His New Year’s gift in January 1577 to Sir Nicholas Bacon has survived—an emblem sketched in ink of a man on horseback, and a graceful letter of thanks for Bacon’s kindness to the writer. Gascoigne admitted, ‘I kept my coltish tricks much longer than was either for my credit or for my profit ... At last it hath pleased God to make reason my rider, and ... I hope so to go forwards as I may deserve in the end to be well placed in a prince’s stable.’ Typically, he added that he needed ‘some speedy provision of good fodder’ and was ‘enforced to neigh and bray’ to his masters for it.11

Already in poor health, he died 7 Oct. 1577, perhaps while visiting his friend and biographer George Whetstone in Lincolnshire, leaving to his wife and son ‘little but his blessing’. Whetstone mentions a will, but none has survived. On 2 Dec. 1578 letters of administration were granted to one John Campion of Woodford, Essex; these were revoked in 1597, a new grant being made to Gascoigne’s younger brother, John.12

Ref Volumes: 1558-1603

Author: N. M. Fuidge

Notes

  • 1. C142/151/3; DNB; Vis. Beds. (Harl. Soc. xix), 72, 173.
  • 2. Al. Cant. i(2), p. 199; Hemetes the Hermit, f. 6. No evidence of Gascoigne’s attendance has been found.
  • 3. C. T. Prouty, George Gascoigne, 293-304; cf.
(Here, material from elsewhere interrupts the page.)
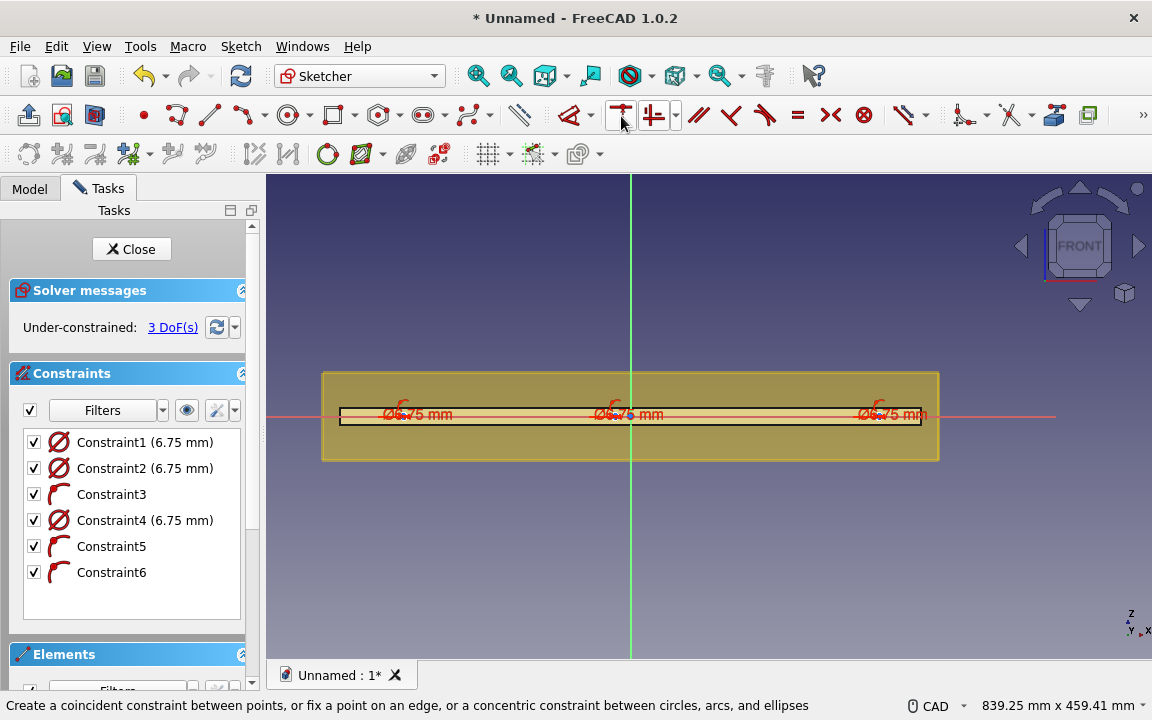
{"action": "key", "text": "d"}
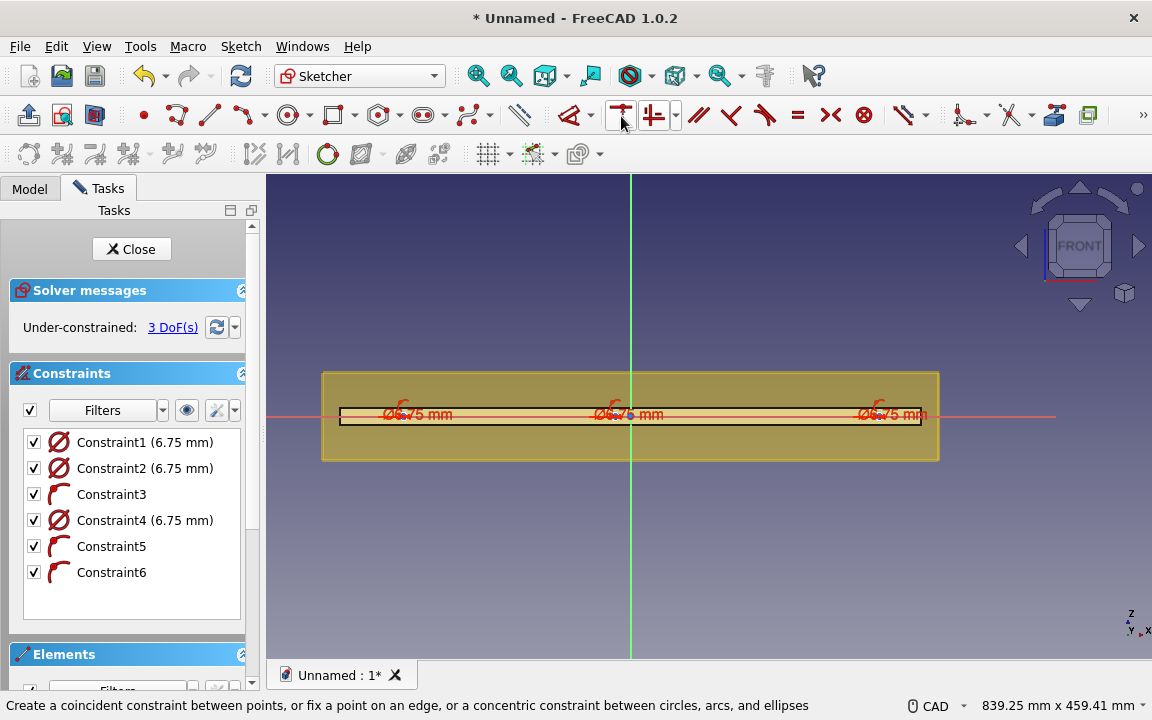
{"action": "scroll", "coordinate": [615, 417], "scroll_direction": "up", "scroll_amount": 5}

PCC 16 Chaynay; Vis. Beds. 72; PCC 12 Babington.
  • 4. C3/76/82; HMC 11th Rep. IV, 3; Prouty, 93-5.
  • 5. VCH Beds. iii. 12-15, 235; Vis. Beds. 72; SP 12/86/59; C193/32/8; Trinity, Dublin, Thos. Cromwell’s jnl.; CJ , i. 101.
  • 6. DNB; Poems , ed. Hazlitt, i. 63; PCC 12 Babington, 4 Carew; Rev. Eng. Studies , xiii. 134-5; C142/151/3; E. Arber, Eng. Reprints , 17 seq.; CPR , 1566-9, p. 377.
  • 7. Rev. Eng. Studies , 129 seq.; PCC 51 Welles, 16 Chaynay; PCC admon. act bk. 1578, f. 158; Machyn Diary (Cam. Soc. xlii), 293; Prouty, 293 seq. and app. passim; pat. roll 11 Eliz. viii. m. 10; DNB; CPR , 1566-9, p. 428; Essex RO, D/AE/A7, 8; Cath. Rec. Soc. xxii. 50.
  • 8. E. Rosenberg, Leicester, Patron of Letters , 166-7; E. K. Chambers, Eliz. Stage , i. 164; A. Feuillerat, Revels in time of Q. Eliz. 409-10; Gascoigne, The Fruites of War, Gascoigne’s Voyage into Holland .
  • 9. Complete Works , ed. Cunliffe, i. 5; ed. Hazlitt, ii. 337; Rosenberg, 167-9; Nichols, Progresses Eliz. i. 426-523.
  • 10. Rosenberg, 170-2.
  • 11. HMC 11th Rep. IV , 3.
  • 12. Prouty, 263; Arber, 15, 26; J. Drakard, Hist. Stamford , 447; PCC admon. act bk. 1578, f. 158; 1597, f. 206.